◆ Task:
Write out, from the entries below, exactly the lines that run between the lines holding "15. forklift (712,129,1049,673)" and "roll pitch yaw", inclusive, and stop there.

◆ Supplied records:
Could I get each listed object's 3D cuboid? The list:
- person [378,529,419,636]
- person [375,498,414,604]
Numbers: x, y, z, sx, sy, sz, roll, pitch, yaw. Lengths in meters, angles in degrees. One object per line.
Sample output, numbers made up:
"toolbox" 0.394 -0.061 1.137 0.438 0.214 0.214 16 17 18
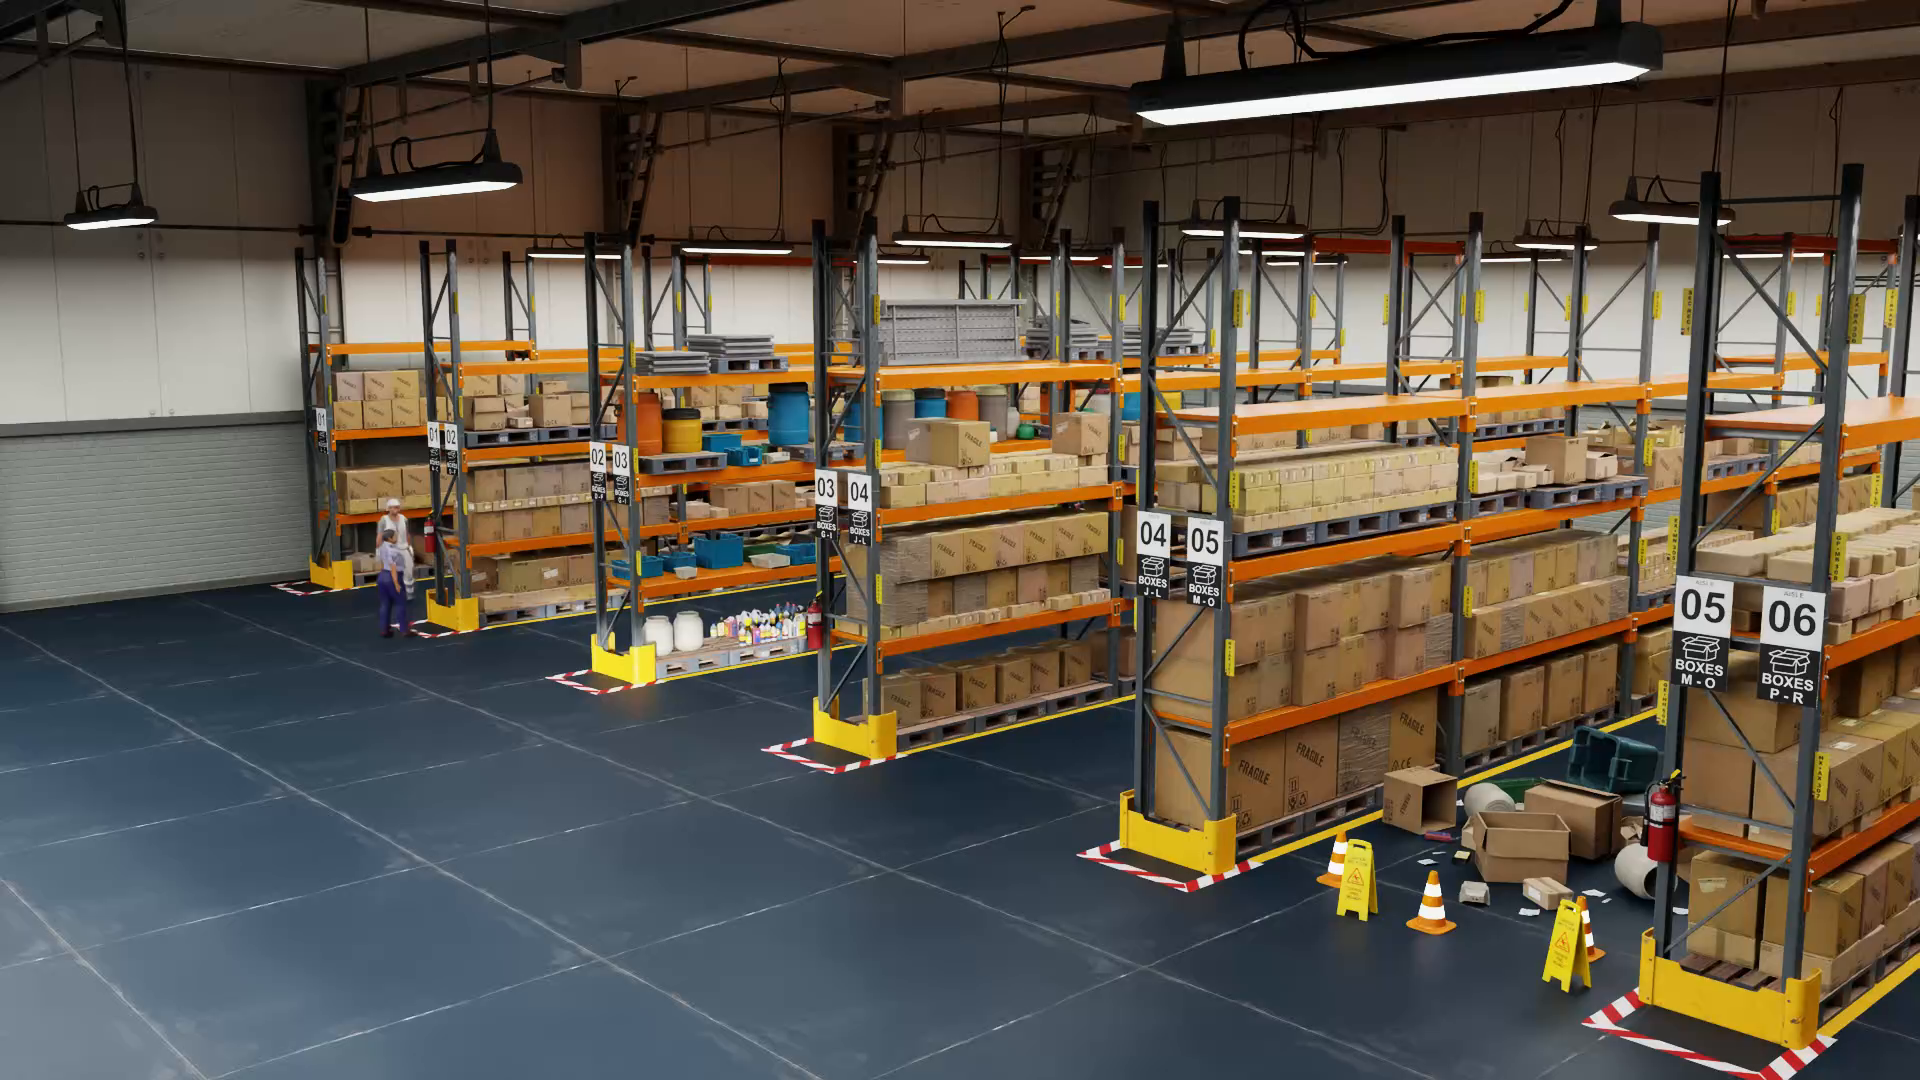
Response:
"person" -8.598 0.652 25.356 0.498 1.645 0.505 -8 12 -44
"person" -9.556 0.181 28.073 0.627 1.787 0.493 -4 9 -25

--

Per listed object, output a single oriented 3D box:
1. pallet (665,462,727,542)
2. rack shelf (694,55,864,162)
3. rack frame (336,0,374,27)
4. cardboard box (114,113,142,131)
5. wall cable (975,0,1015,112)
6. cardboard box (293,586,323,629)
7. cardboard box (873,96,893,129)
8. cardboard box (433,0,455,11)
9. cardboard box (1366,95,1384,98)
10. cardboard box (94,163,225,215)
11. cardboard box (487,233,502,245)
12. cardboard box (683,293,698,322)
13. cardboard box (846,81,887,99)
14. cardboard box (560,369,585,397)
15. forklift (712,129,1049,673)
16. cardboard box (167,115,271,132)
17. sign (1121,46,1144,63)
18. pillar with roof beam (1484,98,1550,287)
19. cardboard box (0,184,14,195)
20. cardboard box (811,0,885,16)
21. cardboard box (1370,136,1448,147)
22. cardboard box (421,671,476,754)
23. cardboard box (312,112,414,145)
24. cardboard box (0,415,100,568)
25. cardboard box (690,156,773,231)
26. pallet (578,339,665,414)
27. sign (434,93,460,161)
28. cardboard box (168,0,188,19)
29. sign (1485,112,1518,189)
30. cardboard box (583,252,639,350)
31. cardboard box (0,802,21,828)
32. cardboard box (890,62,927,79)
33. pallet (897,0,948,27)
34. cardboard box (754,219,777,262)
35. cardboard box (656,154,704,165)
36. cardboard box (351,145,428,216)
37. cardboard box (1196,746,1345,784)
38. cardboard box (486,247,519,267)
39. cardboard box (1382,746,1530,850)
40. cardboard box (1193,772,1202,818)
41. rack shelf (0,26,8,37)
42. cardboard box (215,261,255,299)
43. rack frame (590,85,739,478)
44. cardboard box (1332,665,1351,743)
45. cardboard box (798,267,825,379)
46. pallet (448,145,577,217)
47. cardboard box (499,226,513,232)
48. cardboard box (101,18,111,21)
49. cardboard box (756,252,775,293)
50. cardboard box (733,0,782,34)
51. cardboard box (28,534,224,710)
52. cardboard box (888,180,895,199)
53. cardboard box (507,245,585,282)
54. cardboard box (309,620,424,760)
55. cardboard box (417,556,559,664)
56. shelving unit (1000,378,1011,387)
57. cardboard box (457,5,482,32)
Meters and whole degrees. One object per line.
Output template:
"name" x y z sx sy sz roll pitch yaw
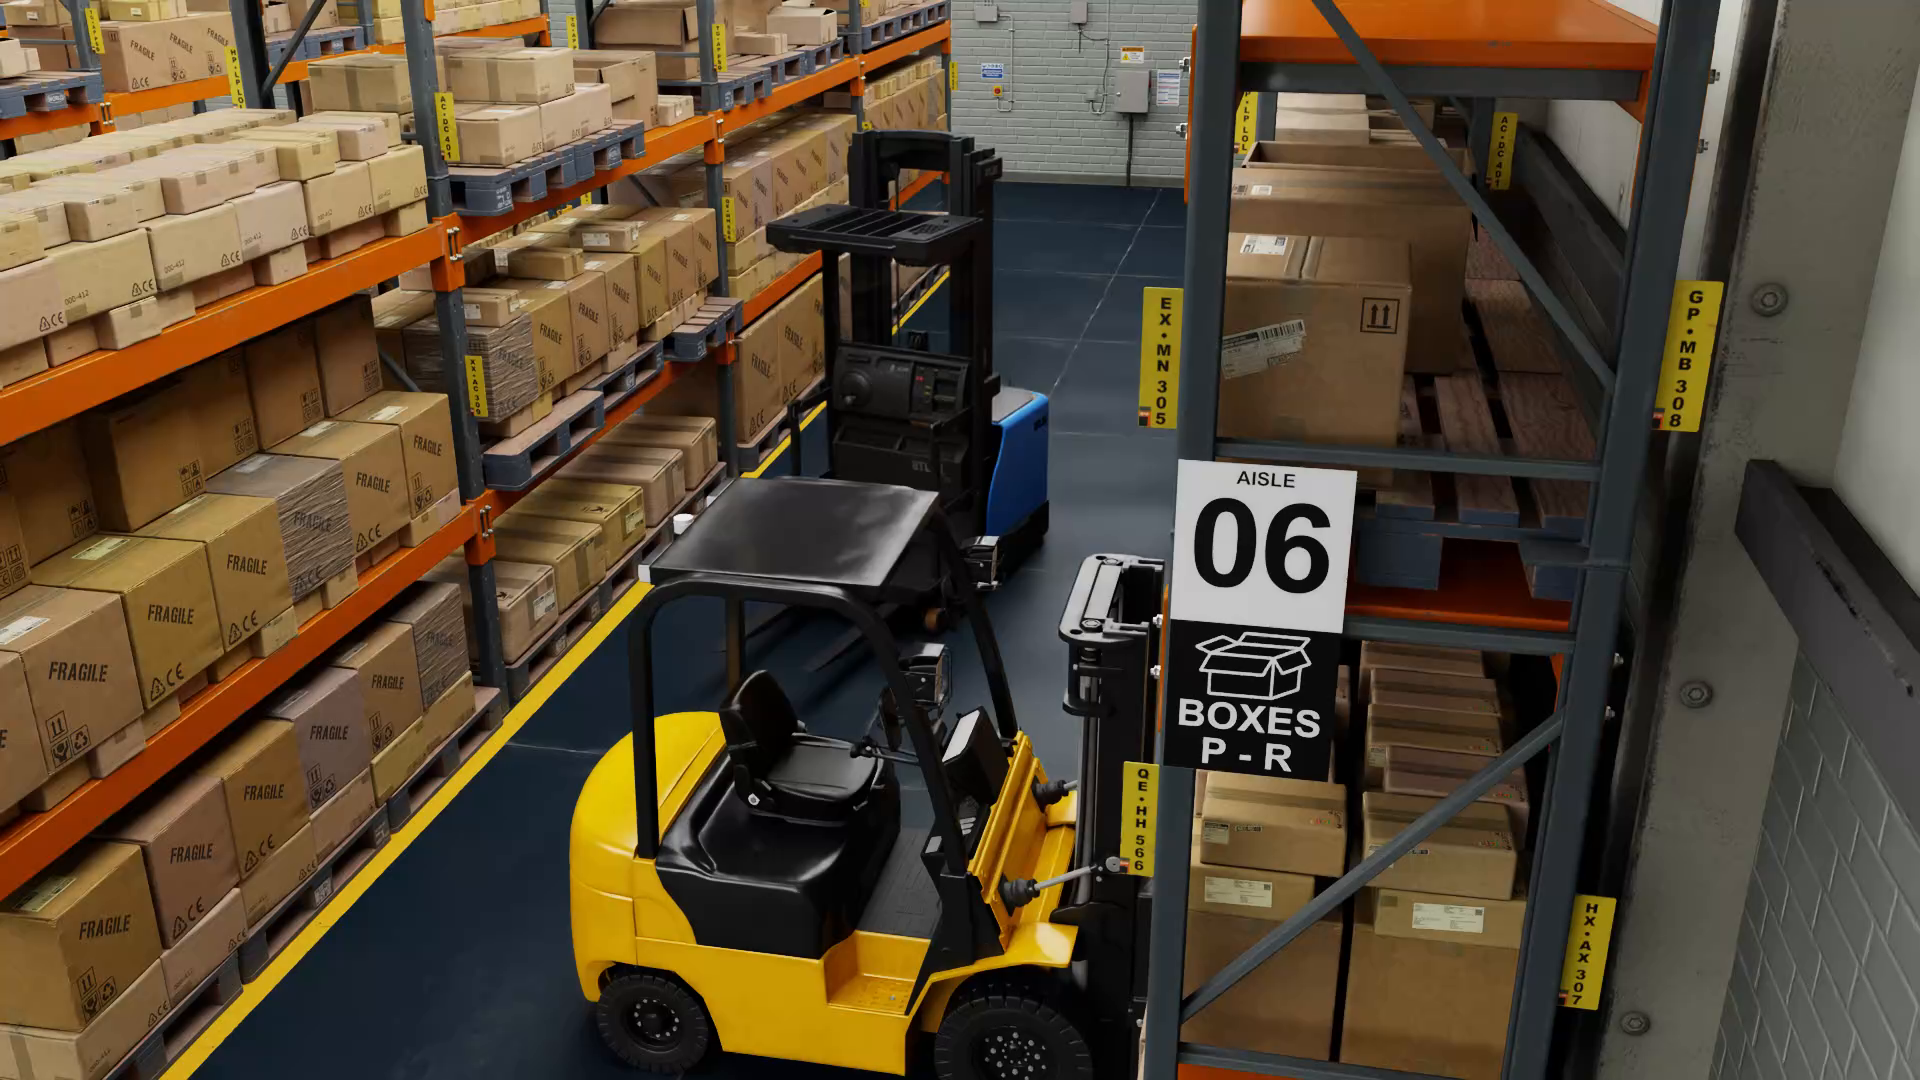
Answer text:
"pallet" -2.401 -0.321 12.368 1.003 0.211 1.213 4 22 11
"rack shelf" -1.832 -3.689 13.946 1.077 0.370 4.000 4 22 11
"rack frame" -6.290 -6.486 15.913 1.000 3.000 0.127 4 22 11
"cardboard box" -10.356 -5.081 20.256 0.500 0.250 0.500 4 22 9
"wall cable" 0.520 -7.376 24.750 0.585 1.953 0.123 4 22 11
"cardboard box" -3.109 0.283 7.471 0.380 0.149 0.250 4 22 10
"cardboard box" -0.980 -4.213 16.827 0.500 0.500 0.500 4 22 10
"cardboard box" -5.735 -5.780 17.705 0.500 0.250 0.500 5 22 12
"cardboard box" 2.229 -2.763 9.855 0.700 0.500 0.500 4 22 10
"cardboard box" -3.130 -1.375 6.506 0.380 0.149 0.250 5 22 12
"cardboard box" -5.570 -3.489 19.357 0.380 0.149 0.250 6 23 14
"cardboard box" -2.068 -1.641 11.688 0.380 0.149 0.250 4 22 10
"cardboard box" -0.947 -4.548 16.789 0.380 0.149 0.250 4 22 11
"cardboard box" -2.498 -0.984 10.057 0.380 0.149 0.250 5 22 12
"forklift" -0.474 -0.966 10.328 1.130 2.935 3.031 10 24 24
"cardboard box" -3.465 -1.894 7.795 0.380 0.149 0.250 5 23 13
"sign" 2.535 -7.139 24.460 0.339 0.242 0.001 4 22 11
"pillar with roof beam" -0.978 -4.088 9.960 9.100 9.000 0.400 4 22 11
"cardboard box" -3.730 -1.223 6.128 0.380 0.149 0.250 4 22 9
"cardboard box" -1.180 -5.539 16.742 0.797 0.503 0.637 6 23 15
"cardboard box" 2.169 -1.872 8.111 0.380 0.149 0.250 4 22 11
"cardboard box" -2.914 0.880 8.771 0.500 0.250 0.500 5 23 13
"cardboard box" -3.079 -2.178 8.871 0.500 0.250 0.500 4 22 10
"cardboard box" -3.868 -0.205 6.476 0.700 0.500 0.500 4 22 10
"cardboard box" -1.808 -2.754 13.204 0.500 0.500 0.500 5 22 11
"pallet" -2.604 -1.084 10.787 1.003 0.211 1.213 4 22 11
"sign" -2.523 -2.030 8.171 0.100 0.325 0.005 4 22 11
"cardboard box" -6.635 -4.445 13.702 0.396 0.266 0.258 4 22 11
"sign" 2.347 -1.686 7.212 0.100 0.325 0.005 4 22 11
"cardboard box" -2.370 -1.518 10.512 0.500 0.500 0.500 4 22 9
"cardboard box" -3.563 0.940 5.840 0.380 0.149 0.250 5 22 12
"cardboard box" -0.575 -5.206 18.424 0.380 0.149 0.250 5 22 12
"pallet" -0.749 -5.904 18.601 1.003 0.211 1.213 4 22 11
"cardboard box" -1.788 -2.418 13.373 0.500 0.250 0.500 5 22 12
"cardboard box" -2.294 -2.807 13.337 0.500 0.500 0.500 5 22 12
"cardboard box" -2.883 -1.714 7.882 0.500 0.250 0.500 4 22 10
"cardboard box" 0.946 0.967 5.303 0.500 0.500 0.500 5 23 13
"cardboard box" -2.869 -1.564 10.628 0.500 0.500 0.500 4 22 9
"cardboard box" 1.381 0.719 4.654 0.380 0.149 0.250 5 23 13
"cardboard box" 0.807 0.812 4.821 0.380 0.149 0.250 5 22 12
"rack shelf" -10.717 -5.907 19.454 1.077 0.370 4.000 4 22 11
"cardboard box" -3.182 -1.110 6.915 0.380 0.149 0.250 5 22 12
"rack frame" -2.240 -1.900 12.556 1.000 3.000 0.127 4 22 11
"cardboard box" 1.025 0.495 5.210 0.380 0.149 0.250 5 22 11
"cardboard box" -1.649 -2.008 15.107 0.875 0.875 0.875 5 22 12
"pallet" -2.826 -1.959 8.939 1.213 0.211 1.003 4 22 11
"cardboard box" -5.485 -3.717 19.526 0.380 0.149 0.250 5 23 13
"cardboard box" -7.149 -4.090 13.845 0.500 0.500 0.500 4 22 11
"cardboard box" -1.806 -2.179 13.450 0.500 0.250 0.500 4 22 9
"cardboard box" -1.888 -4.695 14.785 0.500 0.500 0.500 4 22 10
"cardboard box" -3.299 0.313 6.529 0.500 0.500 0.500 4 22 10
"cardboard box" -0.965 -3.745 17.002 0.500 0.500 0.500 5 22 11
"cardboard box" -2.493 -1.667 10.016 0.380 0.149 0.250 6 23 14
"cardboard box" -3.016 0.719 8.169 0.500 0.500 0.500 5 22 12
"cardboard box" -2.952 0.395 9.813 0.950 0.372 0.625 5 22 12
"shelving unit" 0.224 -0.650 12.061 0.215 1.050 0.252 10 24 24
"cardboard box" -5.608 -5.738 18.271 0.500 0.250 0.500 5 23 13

◆ Response:
15. forklift (712,129,1049,673)
16. cardboard box (167,115,271,132)
17. sign (1121,46,1144,63)
18. pillar with roof beam (1484,98,1550,287)
19. cardboard box (0,184,14,195)
20. cardboard box (811,0,885,16)
21. cardboard box (1370,136,1448,147)
22. cardboard box (421,671,476,754)
23. cardboard box (312,112,414,145)
24. cardboard box (0,415,100,568)
25. cardboard box (690,156,773,231)
26. pallet (578,339,665,414)
27. sign (434,93,460,161)
28. cardboard box (168,0,188,19)
29. sign (1485,112,1518,189)
30. cardboard box (583,252,639,350)
31. cardboard box (0,802,21,828)
32. cardboard box (890,62,927,79)
33. pallet (897,0,948,27)
34. cardboard box (754,219,777,262)
35. cardboard box (656,154,704,165)
36. cardboard box (351,145,428,216)
37. cardboard box (1196,746,1345,784)
38. cardboard box (486,247,519,267)
39. cardboard box (1382,746,1530,850)
40. cardboard box (1193,772,1202,818)
41. rack shelf (0,26,8,37)
42. cardboard box (215,261,255,299)
43. rack frame (590,85,739,478)
44. cardboard box (1332,665,1351,743)
45. cardboard box (798,267,825,379)
46. pallet (448,145,577,217)
47. cardboard box (499,226,513,232)
48. cardboard box (101,18,111,21)
49. cardboard box (756,252,775,293)
50. cardboard box (733,0,782,34)
51. cardboard box (28,534,224,710)
52. cardboard box (888,180,895,199)
53. cardboard box (507,245,585,282)
54. cardboard box (309,620,424,760)
55. cardboard box (417,556,559,664)
56. shelving unit (1000,378,1011,387)
57. cardboard box (457,5,482,32)
Meters and whole degrees. One object per line.
Output template:
"name" x y z sx sy sz roll pitch yaw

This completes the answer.